| HN Mirror

Y	Hacker News new \| ask \| show \| jobs


	by roland35 717 days ago
	Are there any libraries in place which can normalize all emojis down to a single symbol?

2 comments

kevindamm 717 days ago

It's a design decision. On one end, if I'm reading your question correctly, you could use 0xFFFD (the replacement character) for anything not recognized as language-specific characters in the BMP and SMPs (this can be done within practically all existing Unicode libraries by filtering on character class) which will inadvertantly filter some non-emoji symbols and doesn't really convey any information (it can even look unprofessional, it reminds me a lot of the early web during the pre-unicode growing pains of poorly implemented i18n/l11n).

There are libraries like Unidecode[0py] [0go] [0js] which convert from unicode to ASCII text that might be easiest to include in a TUI. All the ones I looked at will convert emoji to `[?]` but many other characters are converted to that, too, including unknowns.

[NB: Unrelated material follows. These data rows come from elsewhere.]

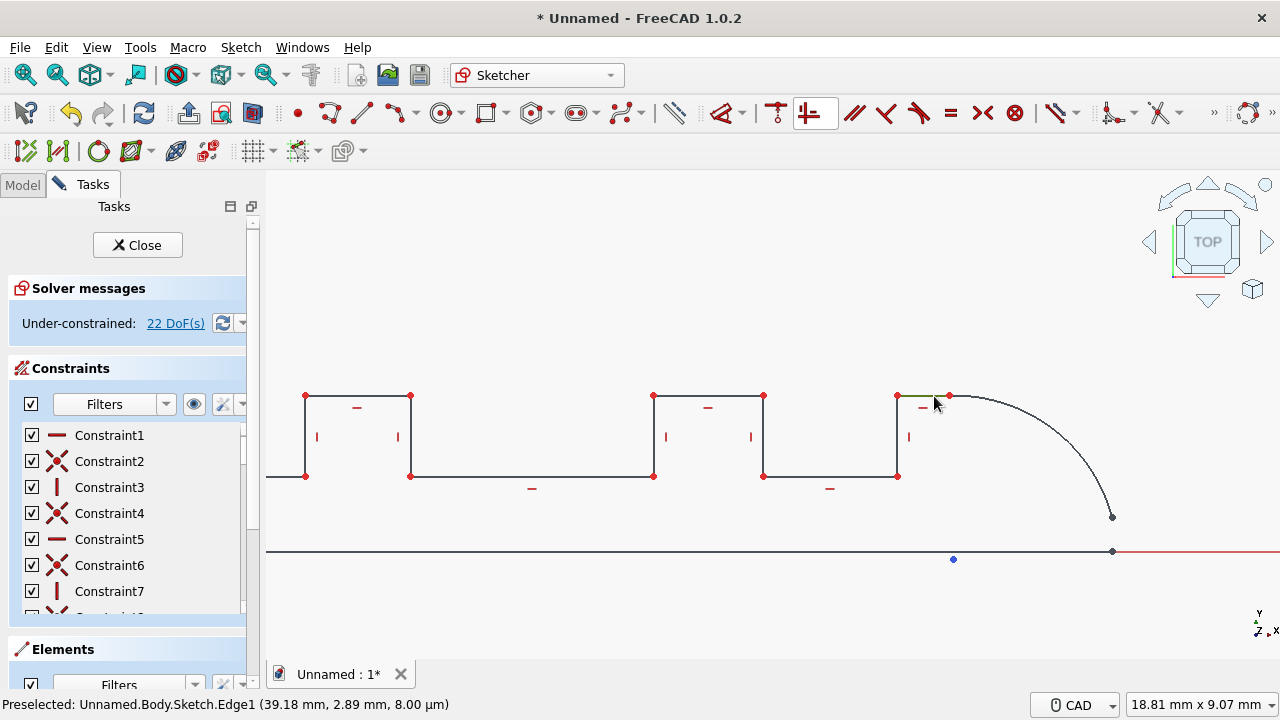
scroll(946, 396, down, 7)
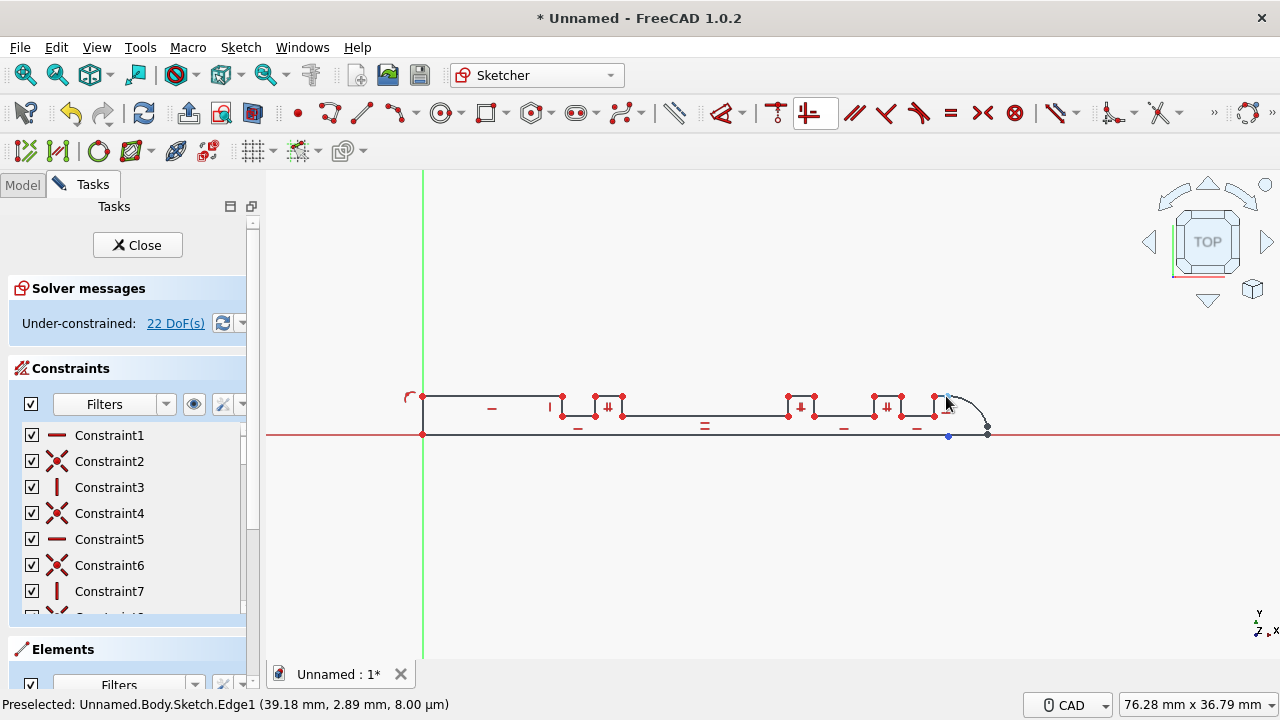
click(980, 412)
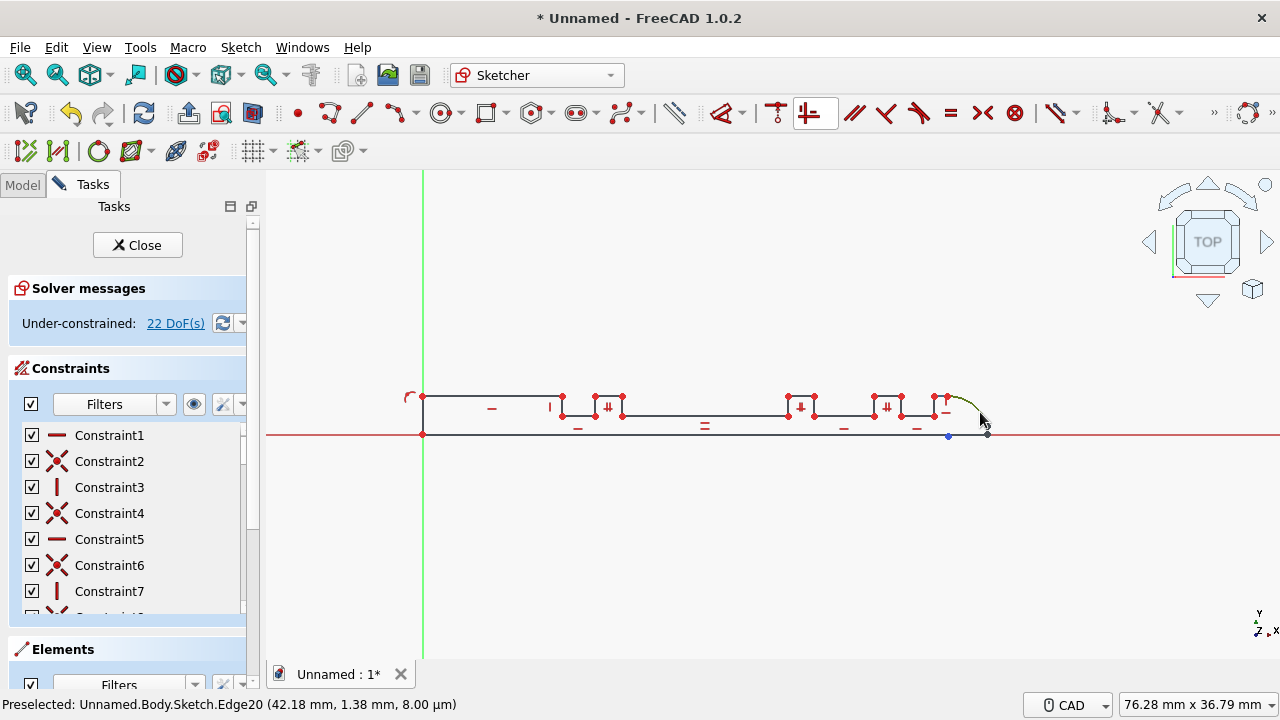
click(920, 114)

On the other end you can keep a running list of what you mean by emoji[1] and pattern match on those characters, then substitute for a representative emoji. But it will still pose some difficulty around what to choose for the representative symbol and how to make it fit nicely within a TUI. An example of a library for pattern-matching on emoji is emoji-test-regex-pattern[2] but you can see it is based on a txt file that needs to be updated to correspond with additions to Unicode.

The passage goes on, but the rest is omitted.